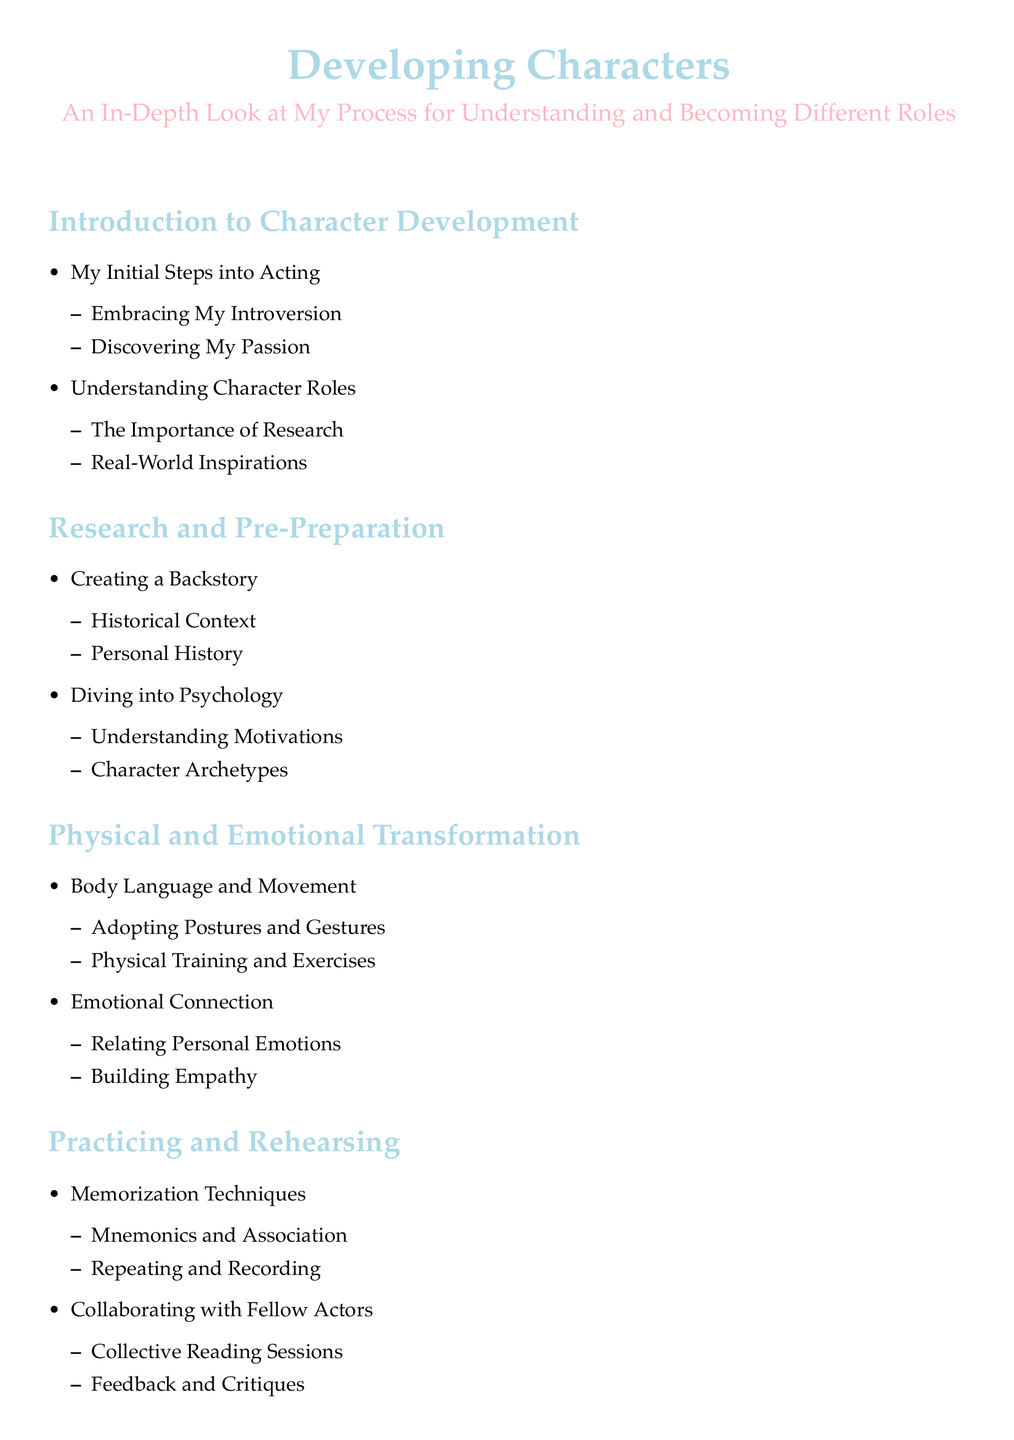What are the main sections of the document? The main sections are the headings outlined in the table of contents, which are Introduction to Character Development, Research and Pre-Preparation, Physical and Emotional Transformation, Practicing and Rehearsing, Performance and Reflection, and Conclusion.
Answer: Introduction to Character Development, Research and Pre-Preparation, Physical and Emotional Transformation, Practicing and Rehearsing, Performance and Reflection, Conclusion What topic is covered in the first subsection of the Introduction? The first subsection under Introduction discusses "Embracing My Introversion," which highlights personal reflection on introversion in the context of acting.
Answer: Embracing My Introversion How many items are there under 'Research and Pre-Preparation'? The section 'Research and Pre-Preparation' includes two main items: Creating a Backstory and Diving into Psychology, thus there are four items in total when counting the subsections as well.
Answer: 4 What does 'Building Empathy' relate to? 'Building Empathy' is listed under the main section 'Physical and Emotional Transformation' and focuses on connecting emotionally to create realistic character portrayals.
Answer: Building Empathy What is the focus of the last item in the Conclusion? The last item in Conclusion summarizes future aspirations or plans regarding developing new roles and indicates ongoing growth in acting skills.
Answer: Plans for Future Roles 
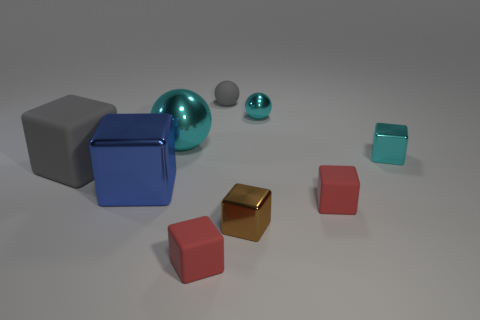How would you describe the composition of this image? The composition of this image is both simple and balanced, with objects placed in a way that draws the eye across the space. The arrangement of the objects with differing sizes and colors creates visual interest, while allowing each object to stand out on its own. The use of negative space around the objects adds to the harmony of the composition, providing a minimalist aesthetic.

-- -- --

Your answer must be the exact lines from the one containing "Answer: Plans for Future Roles" through the last line of the records above, with both included and no pictures.

■ Your solution:
Answer: Plans for Future Roles 
How would you describe the composition of this image? The composition of this image is both simple and balanced, with objects placed in a way that draws the eye across the space. The arrangement of the objects with differing sizes and colors creates visual interest, while allowing each object to stand out on its own. The use of negative space around the objects adds to the harmony of the composition, providing a minimalist aesthetic.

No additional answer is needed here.